His little sister is always bright, always pleasant and cheerful; and his friends say, "Why should not he be so too? He is in exactly the same circumstances." No, he is not. In one circumstance they differ. He has a mind to feel and remember every thing that can pain; she can feel and remember but little. If you blame him, he is exasperated, gloomy, and cannot forget it. If you blame her, she can say she has done wrong in a moment, and all is forgotten. Her mind can no more be wounded than the little brook where she loves to play. The bright waters close again, and smile and prattle as merry as before.

Which is the most desirable temperament? It would be hard to say. The power of feeling is necessary for all that is noble in man, and yet it involves the greatest risks. They who catch at happiness on the bright surface of things, secure a portion, such as it is, with more certainty; those who dive for it in the waters of deeper feeling, if they succeed, will bring up pearls and diamonds, but if they sink they are lost forever!

But now comes Saturday, and school is just out. Can any one of my readers remember the rapturous prospect of a long, bright Saturday afternoon? "Where are you going?" "Will you come and see me?" "We are going a fishing!" "Let us go a strawberrying!" may be heard rising from the happy group. But no one comes near the ill-humored James, and the little party going to visit his sister "wish James was out of the way." He sees every motion, hears every whisper, knows, suspects, feels it all, and turns to go home more sullen and ill tempered than common. The world looks dark—nobody loves him—and he is told that it is "all his own fault," and that makes the matter still worse.

When the little party arrive, he is suspicious and irritable, and, of course, soon excommunicated. Then, as he stands in disconsolate anger, looking over the garden fence at the gay group making dandelion chains, and playing baby house under the trees, he wonders why he is not like other children. He wishes he were different, and yet he does not know what to do. He looks around, and every thing is blooming and bright. His little bed of flowers is even brighter and sweeter than ever before, and a new rose is just opening on his rosebush.
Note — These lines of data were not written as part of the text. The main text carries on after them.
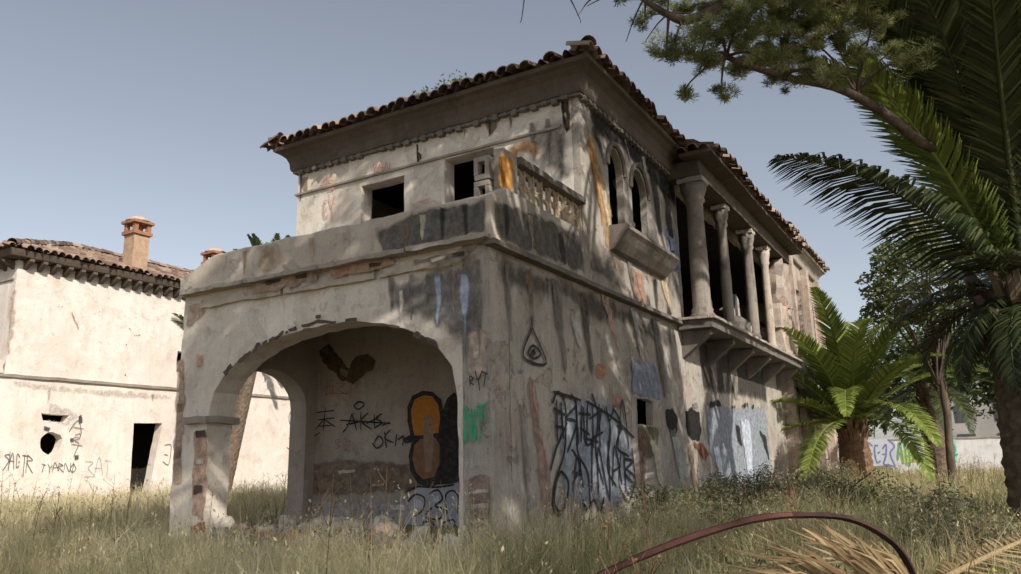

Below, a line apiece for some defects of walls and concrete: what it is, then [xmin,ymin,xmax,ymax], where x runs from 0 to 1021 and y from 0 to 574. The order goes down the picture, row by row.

spalling [187,304,205,326]
spalling [223,315,357,376]
peeling [319,344,375,384]
spalling [173,360,208,537]
peeling [312,460,423,519]
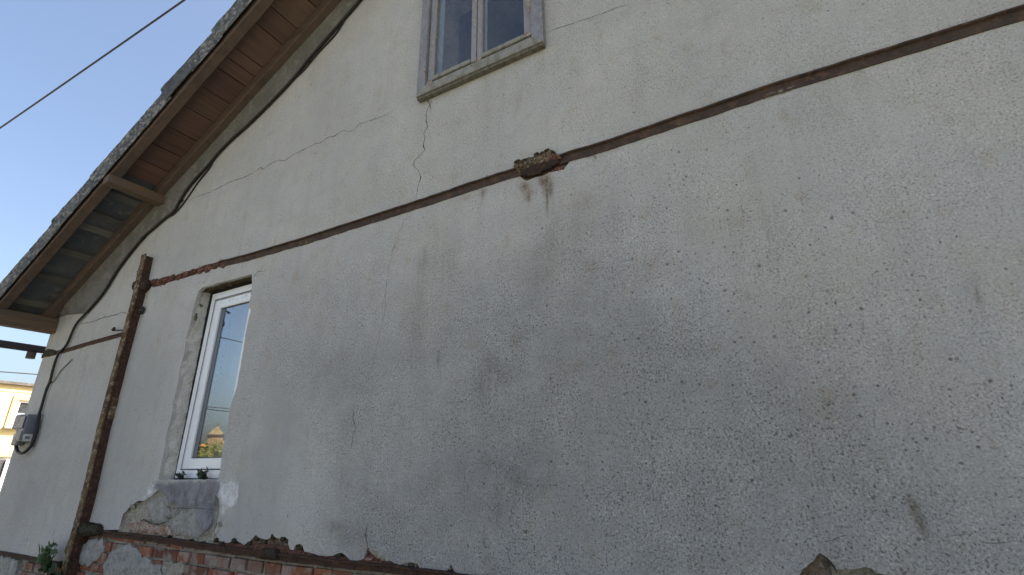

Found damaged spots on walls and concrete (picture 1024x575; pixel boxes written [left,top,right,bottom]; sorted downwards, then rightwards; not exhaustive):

crack [414,100,432,196]
flaking render [513,148,567,181]
flaking render [118,490,222,543]
flaking render [241,534,304,550]

There goes pussy, too, racing and scampering, with little Ellen after her, in among the alleys and flowers; and the birds are singing in the trees; and the soft winds brush the blossoms of the sweet pea against his cheek; and yet, though all nature looks on him so kindly, he is wretched.

Let us now change the scene. Why is that crowded assembly so attentive—so silent? Who is speaking? It is our old friend, the little disconsolate schoolboy. But his eyes are flashing with intellect, his face fervent with emotion, his voice breathes like music, and every mind is enchained.
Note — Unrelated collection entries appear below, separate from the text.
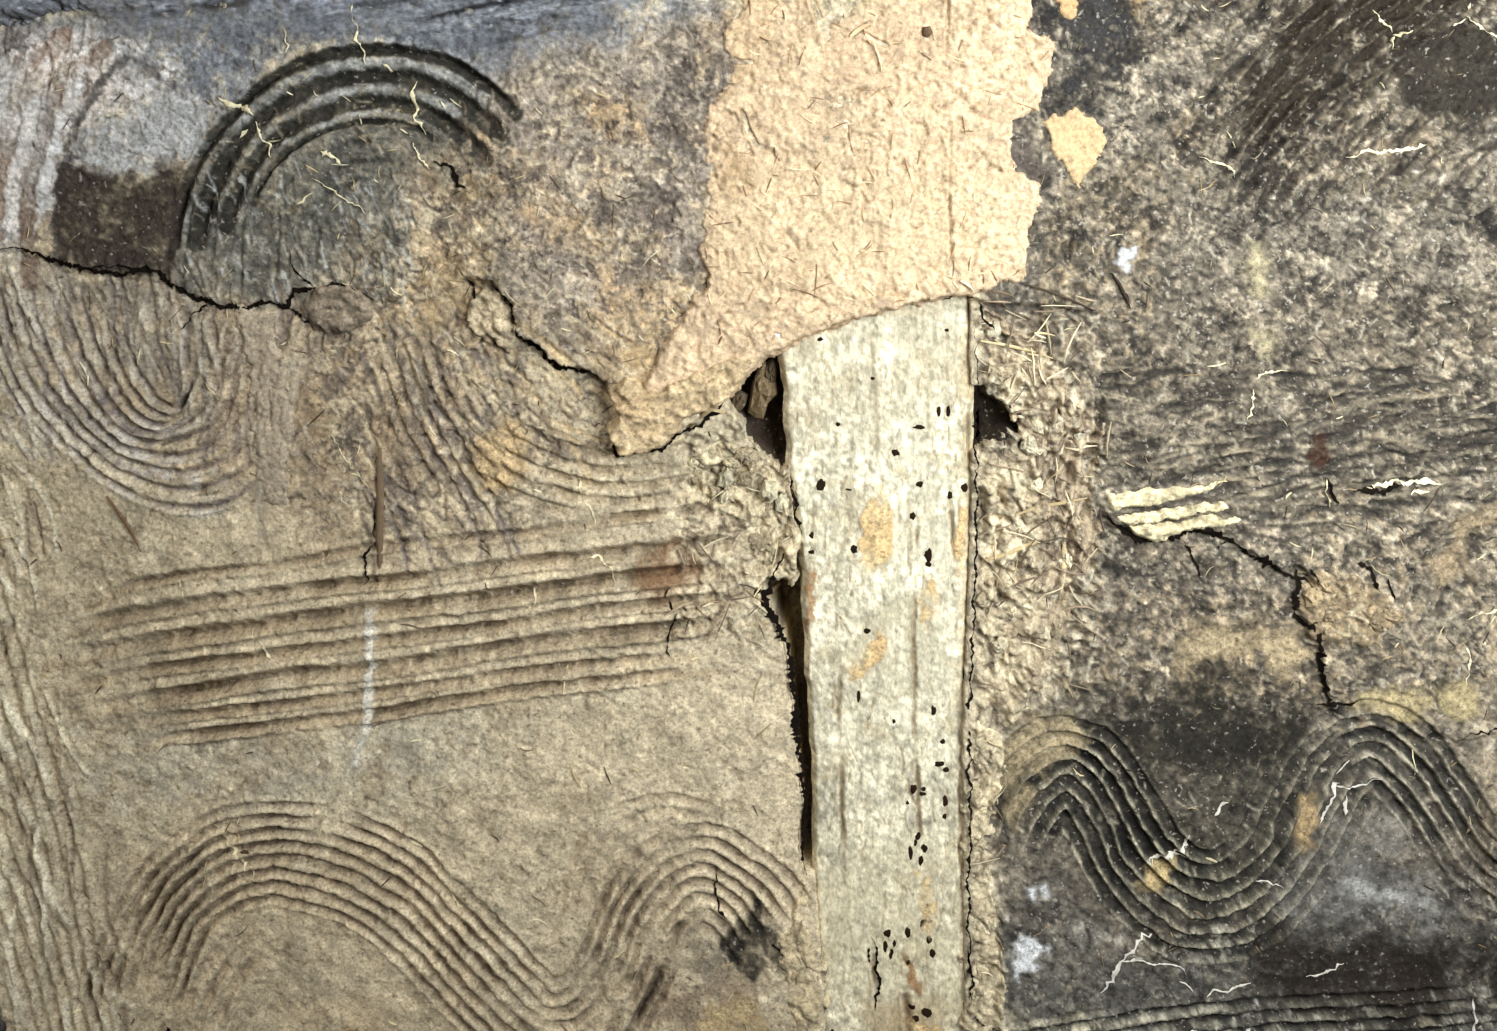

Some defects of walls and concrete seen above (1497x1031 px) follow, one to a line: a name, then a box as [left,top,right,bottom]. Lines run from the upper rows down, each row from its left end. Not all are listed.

crack [1,247,374,333]
crack [466,277,600,380]
crack [754,477,810,875]
crack [1107,513,1363,710]
crack [1356,562,1395,599]
crack [1460,609,1497,685]
spalling [777,861,830,1031]
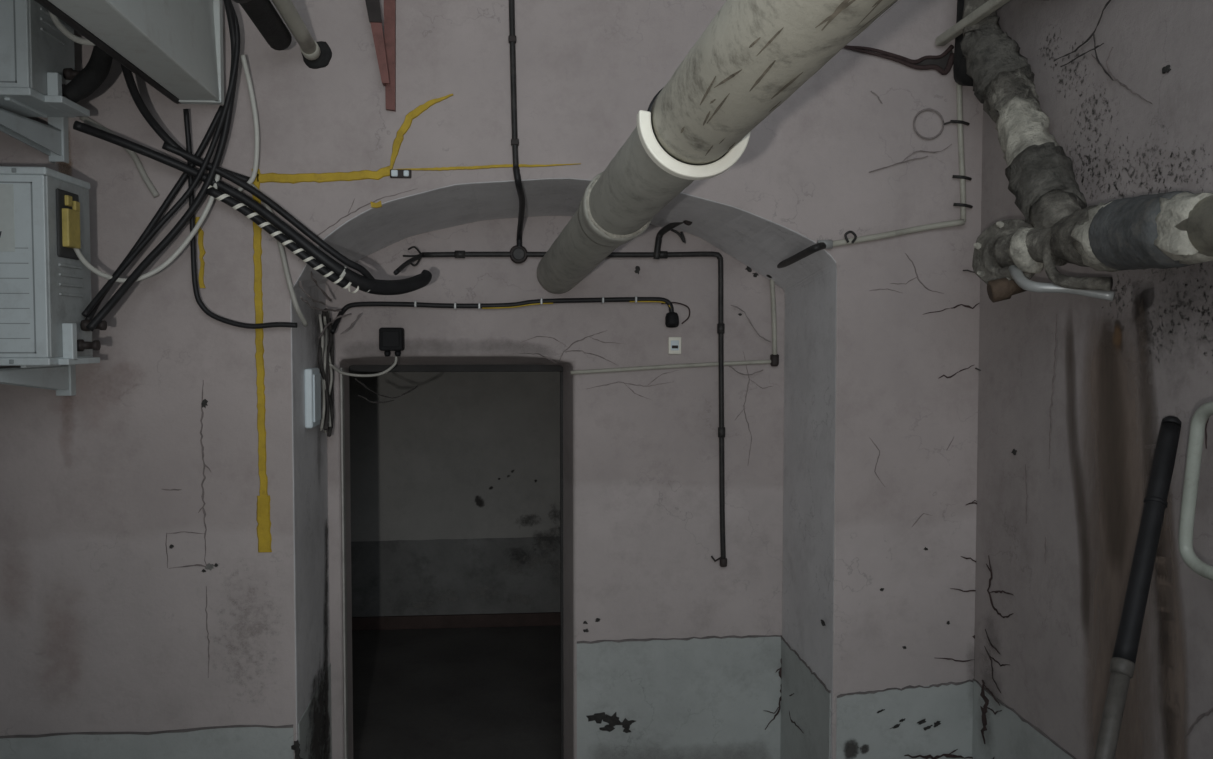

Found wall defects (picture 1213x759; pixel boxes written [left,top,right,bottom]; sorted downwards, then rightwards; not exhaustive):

crack [1091,47,1152,104]
water stain [1043,25,1212,198]
crack [870,253,979,314]
crack [162,380,220,673]
crack [904,555,1013,759]
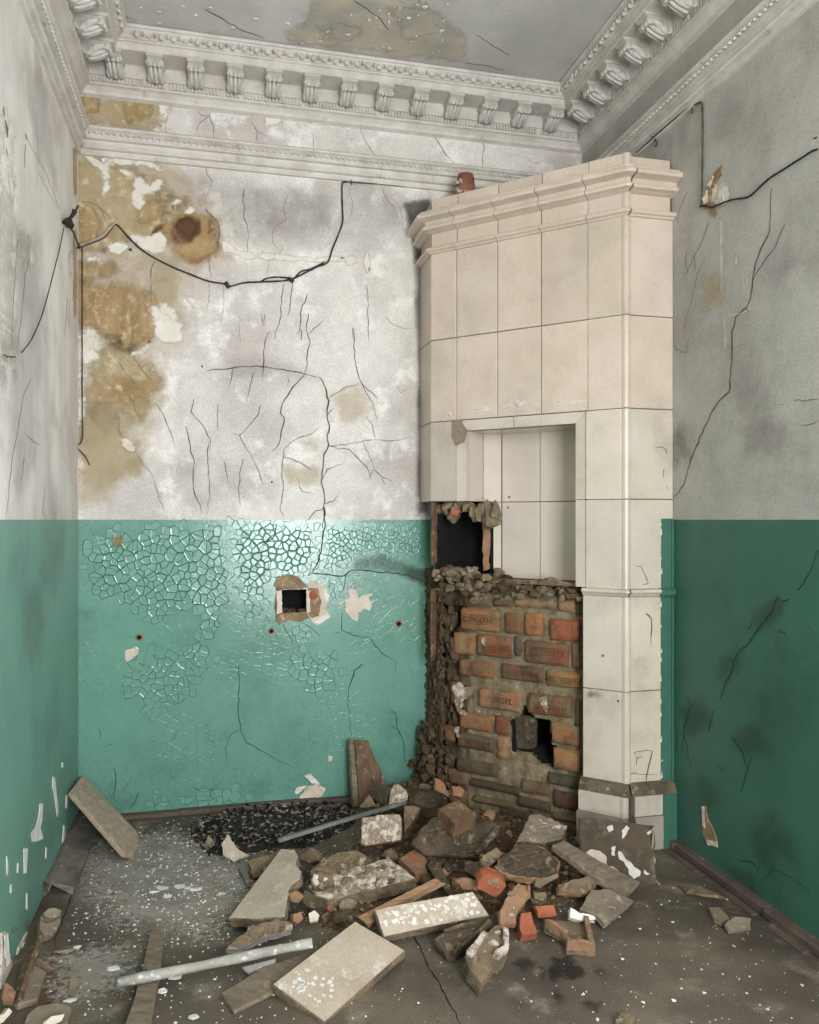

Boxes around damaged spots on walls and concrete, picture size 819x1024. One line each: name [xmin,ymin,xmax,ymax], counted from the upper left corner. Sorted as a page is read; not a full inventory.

Again, it is a splendid sunset, and yonder enthusiast meets it face to face, as a friend. He is silent—rapt—happy. He feels the poetry which God has written; he is touched by it, as God meant that the feeling spirit should be touched.

Again, he is watching by the bed of sickness, and it is blessed to have such a watcher! anticipating every want; relieving, not in a cold, uninterested way, but with the quick perceptions, the tenderness, the gentleness of an angel.
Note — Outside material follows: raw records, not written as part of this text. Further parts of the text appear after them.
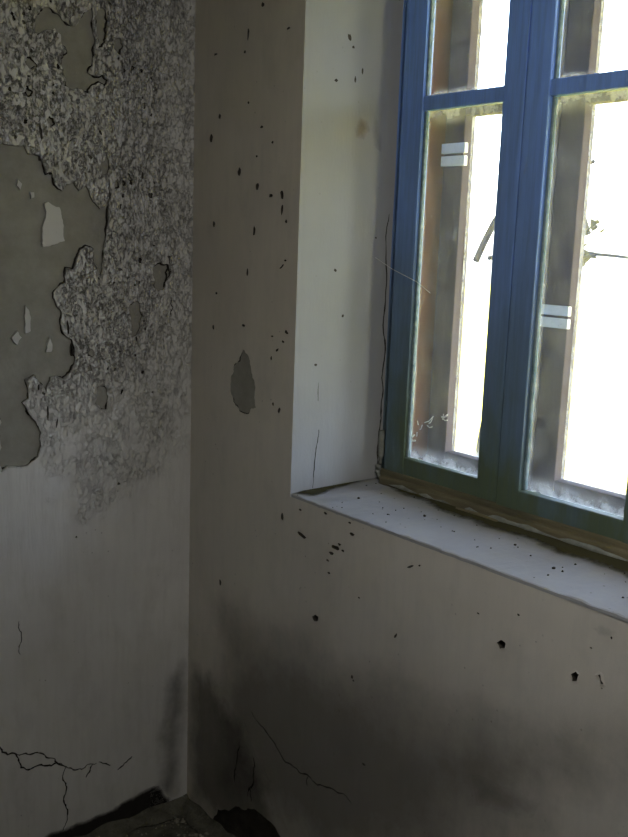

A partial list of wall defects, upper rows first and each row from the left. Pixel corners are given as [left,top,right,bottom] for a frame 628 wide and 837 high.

peeling [1,0,112,107]
peeling [0,116,173,473]
peeling [229,348,257,416]
crack [0,747,132,830]
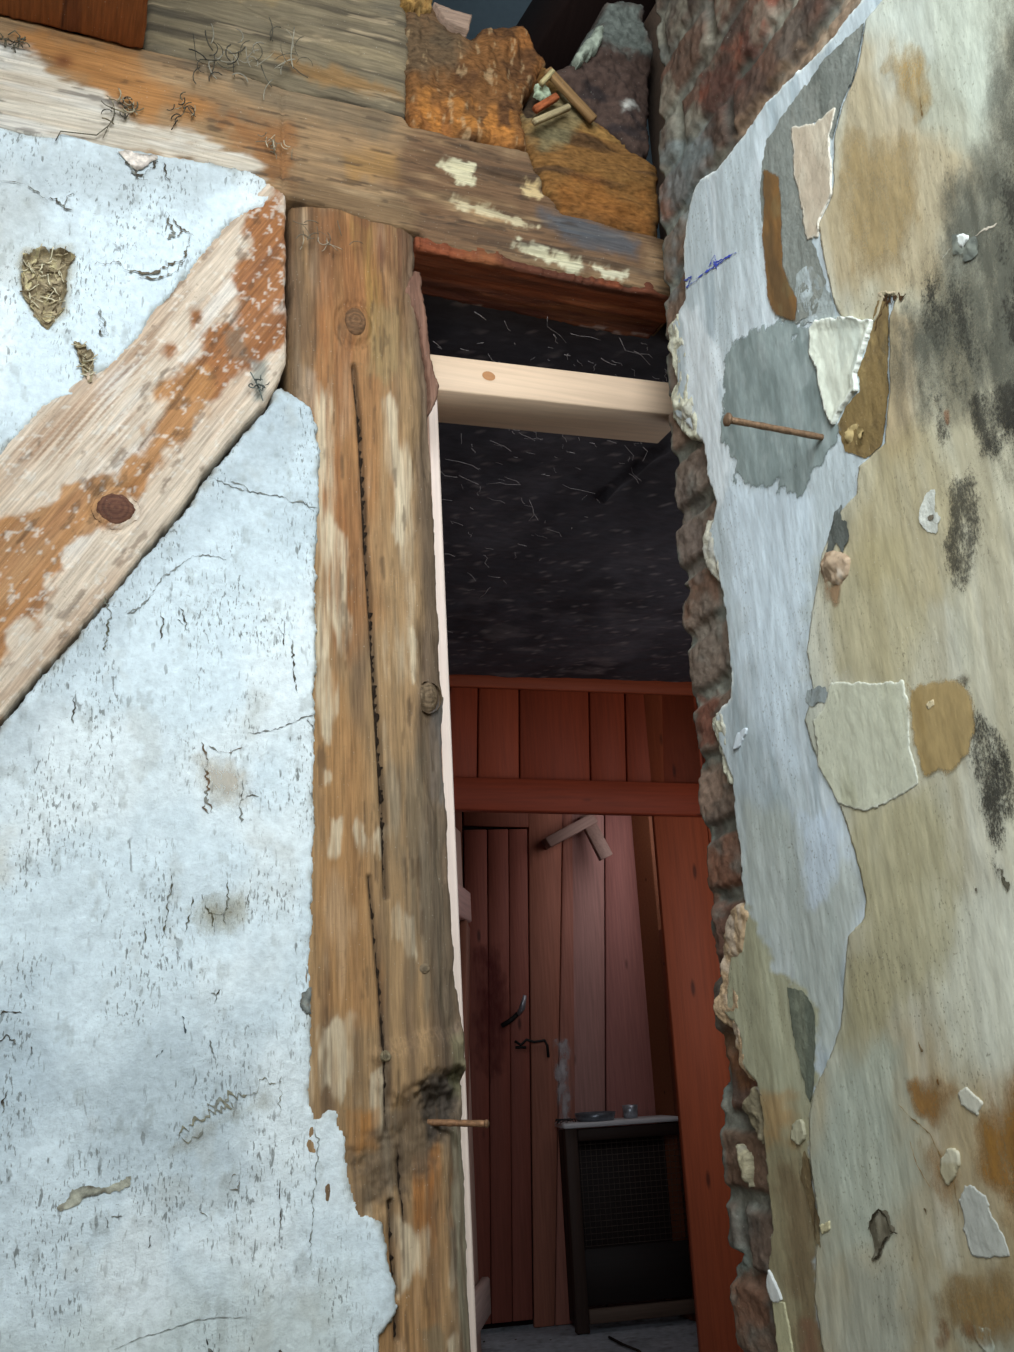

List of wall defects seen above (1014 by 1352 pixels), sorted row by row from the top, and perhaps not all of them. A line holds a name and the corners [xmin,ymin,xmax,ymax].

Follow him into the circle of friendship, and why is he so loved and trusted? Why can you so easily tell to him what you can say to no one else besides? Why is it that all around him feel that he can understand, appreciate, be touched by all that touches them?

And when heaven uncloses its doors of light, when all its knowledge, its purity, its bliss, rises on the eye and passes into the soul, who then will be looked on as the one who might be envied—he whocan, or he whocannot feel?